Liberals think that they are showing true decency and class despite the filthy, vile things they say to people they disagree with on the basis that they are saying them in the interest of gracing misled conservatives with the truth. This makes about as much sense as a sewer rat claiming to have decency and class on the basis of the fact that it won’t show its belly button on national television.

The modest sewer rat is probably one of the ones that escaped from the oven that you threw it in, after it invaded the apartment you shared with a liberal roommate.  (Yeah, Christian seems to have a thing for sewer rats.  And also lesbian fisting.) 

But now let’s allow Christian to discuss the two kinds of liberals: the stupid, lazy, flaky ones, and the spastic, lesbian fisting, fetal underdog-murdering ones.

Of course, I have been accused in the past of lumping all “liberals” together and making sweeping blanket statements about them. But here is where I’d like to take an opportunity to make it clear that I believe there are two totally separate breeds of “liberals.” There are, for instance, what I like to call the Barbara Streisand liberals [...] These are harmless liberals who just want to live in trees, eat granola, read poems by the Bubble Lady on Telegraph Avenue in Berkeley and be left alone.

But then there are the spastic, malevolent demagogues with the Great Wall of China bulging out of their foreheads and blood dripping from their teeth, shaking in their seats with a demonic urgency to commit mass murder against the fetal underdogs, ban God from the public square, destroy traditional institutions to accommodate to male-on-male sodomy and lesbian fisting and condemn brain-damaged hospital patients to long days of thirst, hunger, seizures and nosebleeds all in the name of “progress.” These are the liberals who are liberals out of contempt for everything good, holy and pure in life. These are liberals who want to destroy society rather than make it “better” as the good liberals intend to do. To name a few: Michael Newdow, DNC Chairman Howard Dean, ACLU executive director Anthony Romero, Planned Parenthood president Cecile Richards, Florida Circuit Judge George Greer, San Francisco Mayor Gavin Newsom and Senator Ted Kennedy, just to name a few.

You’d think that Ted and the rest of the devil worshipping mass murders would have better things to do than to write nasty emails to Christian.

I did, however, receive one e-mail from someone whom I will not label, who noted that “the level of hatred” I spew in my columns is “appalling” and “far from biblical.” […]

It is biblical to call homosexuality a perversion and an abomination.

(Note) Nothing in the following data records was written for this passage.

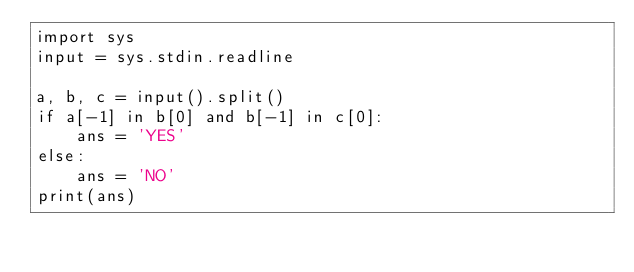<code> <loc_0><loc_0><loc_500><loc_500><_Python_>import sys
input = sys.stdin.readline

a, b, c = input().split()
if a[-1] in b[0] and b[-1] in c[0]:
    ans = 'YES'
else:
    ans = 'NO'
print(ans)</code> 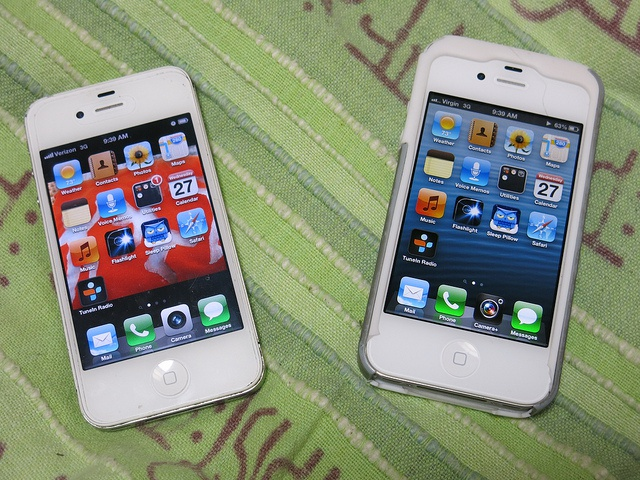Describe the objects in this image and their specific colors. I can see cell phone in olive, lightgray, black, darkgray, and navy tones and cell phone in olive, lightgray, black, darkgray, and brown tones in this image.

It is fair to say that stoning abortion doctors to death would be lenient. It is practical to say that modern feminism encourages women to become God-spiting, hedonistic, infanticidal whores.

Yet again with the whores?  Poor Christian – I guess he got turned down again for a date to the sock hop.  You know, maybe he should get some tips on talking to women from Mel Gibson.